--- EXTRACTED MATERIAL ---

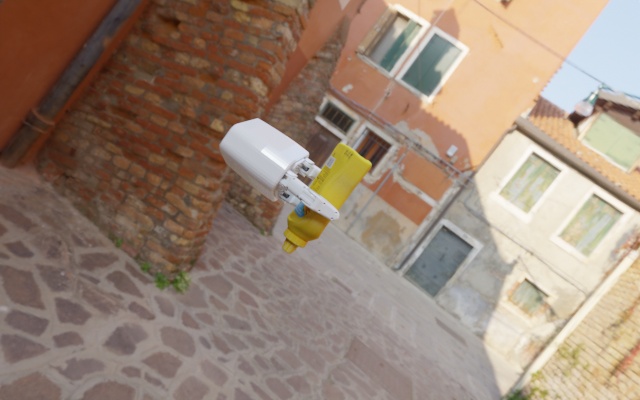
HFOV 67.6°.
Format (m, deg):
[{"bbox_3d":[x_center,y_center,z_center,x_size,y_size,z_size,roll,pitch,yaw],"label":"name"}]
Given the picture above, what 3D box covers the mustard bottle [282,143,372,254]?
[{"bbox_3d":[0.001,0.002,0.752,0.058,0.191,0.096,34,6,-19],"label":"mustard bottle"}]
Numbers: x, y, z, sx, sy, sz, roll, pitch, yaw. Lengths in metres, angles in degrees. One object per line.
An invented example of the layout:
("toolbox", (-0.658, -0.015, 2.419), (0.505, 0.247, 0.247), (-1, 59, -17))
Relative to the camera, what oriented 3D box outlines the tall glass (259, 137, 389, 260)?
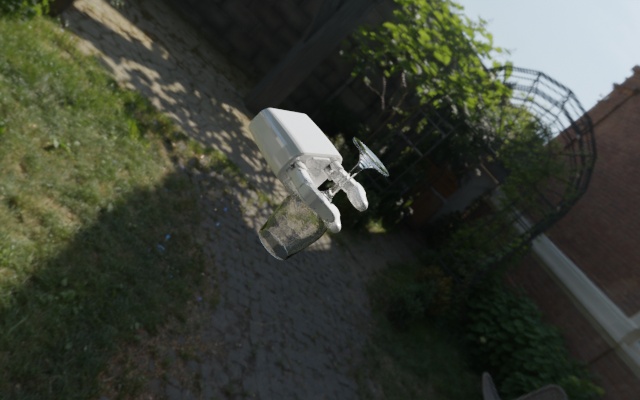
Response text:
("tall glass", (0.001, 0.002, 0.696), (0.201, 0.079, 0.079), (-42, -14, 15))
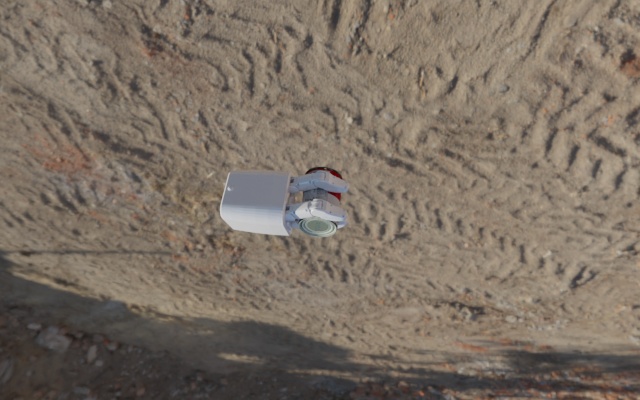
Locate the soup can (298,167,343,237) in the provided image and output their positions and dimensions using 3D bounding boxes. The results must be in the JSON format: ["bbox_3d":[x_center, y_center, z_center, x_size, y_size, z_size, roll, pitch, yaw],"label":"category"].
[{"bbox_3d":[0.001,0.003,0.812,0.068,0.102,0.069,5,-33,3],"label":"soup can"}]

---
--- EXTRACTED MATERIAL ---

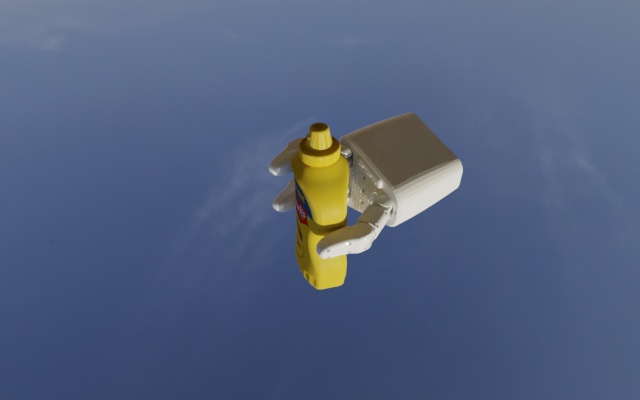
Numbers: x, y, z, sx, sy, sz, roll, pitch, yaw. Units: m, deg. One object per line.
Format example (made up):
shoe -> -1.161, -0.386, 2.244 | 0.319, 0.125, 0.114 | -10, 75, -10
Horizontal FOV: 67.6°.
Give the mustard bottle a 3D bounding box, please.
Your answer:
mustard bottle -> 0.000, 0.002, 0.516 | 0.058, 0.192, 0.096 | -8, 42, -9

---

PROBLEM TO WORK ON
Every line in the records above with the string "Numbers" in it should be shown.

REPLY
Numbers: x, y, z, sx, sy, sz, roll, pitch, yaw. Lengths in metres, angles in degrees. One object per line.
Numbers: x, y, z, sx, sy, sz, roll, pitch, yaw. Units: m, deg. One object per line.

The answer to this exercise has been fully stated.